Unnamed: 0,gene_symbol,log2FoldChange
0,TSPAN6,-0.611308
1,TNMD,-3.909312
2,DPM1,0.445773
3,SCYL3,0.384674
4,C1orf112,1.331132


Run GSEA with KEGG 2016 gene sets

In [9]:
pre_res = gseapy.prerank(
    rnk=rank,
    gene_sets='KEGG_2016',
    processes=4,
    permutation_num=100, # reduce number to speed up test
    outdir='test/prerank_report_kegg'
)

Passing one of 'on', 'true', 'off', 'false' as a boolean is deprecated; use an actual boolean (True/False) instead.
  warn_deprecated("2.2", "Passing one of 'on', 'true', 'off', 'false' as a "
Passing one of 'on', 'true', 'off', 'false' as a boolean is deprecated; use an actual boolean (True/False) instead.
  warn_deprecated("2.2", "Passing one of 'on', 'true', 'off', 'false' as a "
Passing one of 'on', 'true', 'off', 'false' as a boolean is deprecated; use an actual boolean (True/False) instead.
  warn_deprecated("2.2", "Passing one of 'on', 'true', 'off', 'false' as a "
Passing one of 'on', 'true', 'off', 'false' as a boolean is deprecated; use an actual boolean (True/False) instead.
  warn_deprecated("2.2", "Passing one of 'on', 'true', 'off', 'false' as a "


In [10]:
pre_res.res2d.head()

Unnamed: 0_level_0,es,nes,pval,fdr,geneset_size,matched_size,genes
Term,Unnamed: 1_level_1,Unnamed: 2_level_1,Unnamed: 3_level_1,Unnamed: 4_level_1,Unnamed: 5_level_1,Unnamed: 6_level_1,Unnamed: 7_level_1
Systemic lupus erythematosus_Homo sapiens_hsa05322,0.721959,2.247015,0.0,0.0,135,130,"HIST1H2AI,HIST1H2BO,HIST1H3B,HIST1H3J,HIST1H3H..."
Alcoholism_Homo sapiens_hsa05034,0.662603,2.201954,0.0,0.0,179,178,"GNG13,GNGT1,HIST1H2AI,HIST1H2BO,HIST1H3B,HIST1..."
Viral carcinogenesis_Homo sapiens_hsa05203,0.541748,1.818396,0.0,0.001488,205,204,"HIST1H2BO,HIST1H2BM,HIST1H4D,HIST1H2BB,HIST1H2..."
Cell cycle_Homo sapiens_hsa04110,0.581447,1.849332,0.0,0.001984,124,123,"PKMYT1,CDC20,PLK1,CDC25C,BUB1,PTTG1,CDK1,CCNB2..."
DNA replication_Homo sapiens_hsa03030,0.673247,1.772368,0.0,0.003572,36,36,"MCM4,RNASEH2A,MCM2,DNA2,FEN1,POLE2,PCNA,RFC4,L..."

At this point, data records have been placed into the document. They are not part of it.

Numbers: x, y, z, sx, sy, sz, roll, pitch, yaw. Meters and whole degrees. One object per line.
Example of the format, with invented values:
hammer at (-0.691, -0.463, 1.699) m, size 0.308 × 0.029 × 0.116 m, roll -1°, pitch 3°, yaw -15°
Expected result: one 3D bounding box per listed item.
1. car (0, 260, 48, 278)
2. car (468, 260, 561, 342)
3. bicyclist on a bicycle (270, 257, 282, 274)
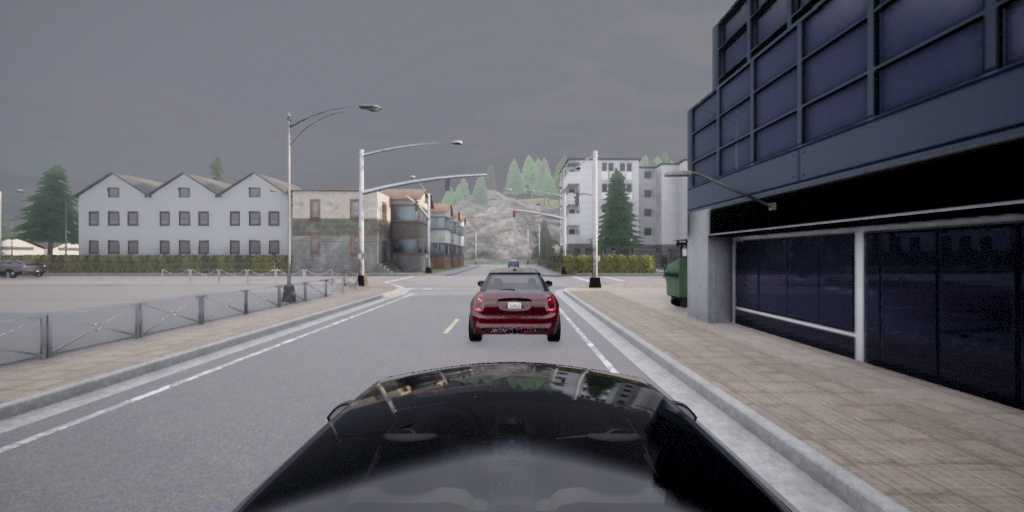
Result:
car at (-42.115, 1.063, 30.041) m, size 4.902 × 1.511 × 2.128 m, roll 0°, pitch 0°, yaw 0°
car at (0.081, 1.101, 9.970) m, size 2.097 × 1.767 × 4.553 m, roll 0°, pitch 0°, yaw 1°
bicyclist on a bicycle at (-22.227, 0.872, 33.802) m, size 0.582 × 1.620 × 1.656 m, roll 0°, pitch 0°, yaw 0°

Using the Normalized Enrichment Scores (NES), which indicate the change of directionality in the pathway, we can build the vectors for each disease or drug.

In the following example, we assume that the pathway is activated or inhibited when the pathway NES is larger than 2 or smaller than -2, respectively. Pathways with NES between these two values are assumed to not have changed.

In [11]:
vector = []

for nes in pre_res.res2d["nes"]:
    
    if nes > 2:
        vector.append(1)
        
    elif nes < -2:
        vector.append(-1)
        
    vector.append(0)


In [12]:
print(vector)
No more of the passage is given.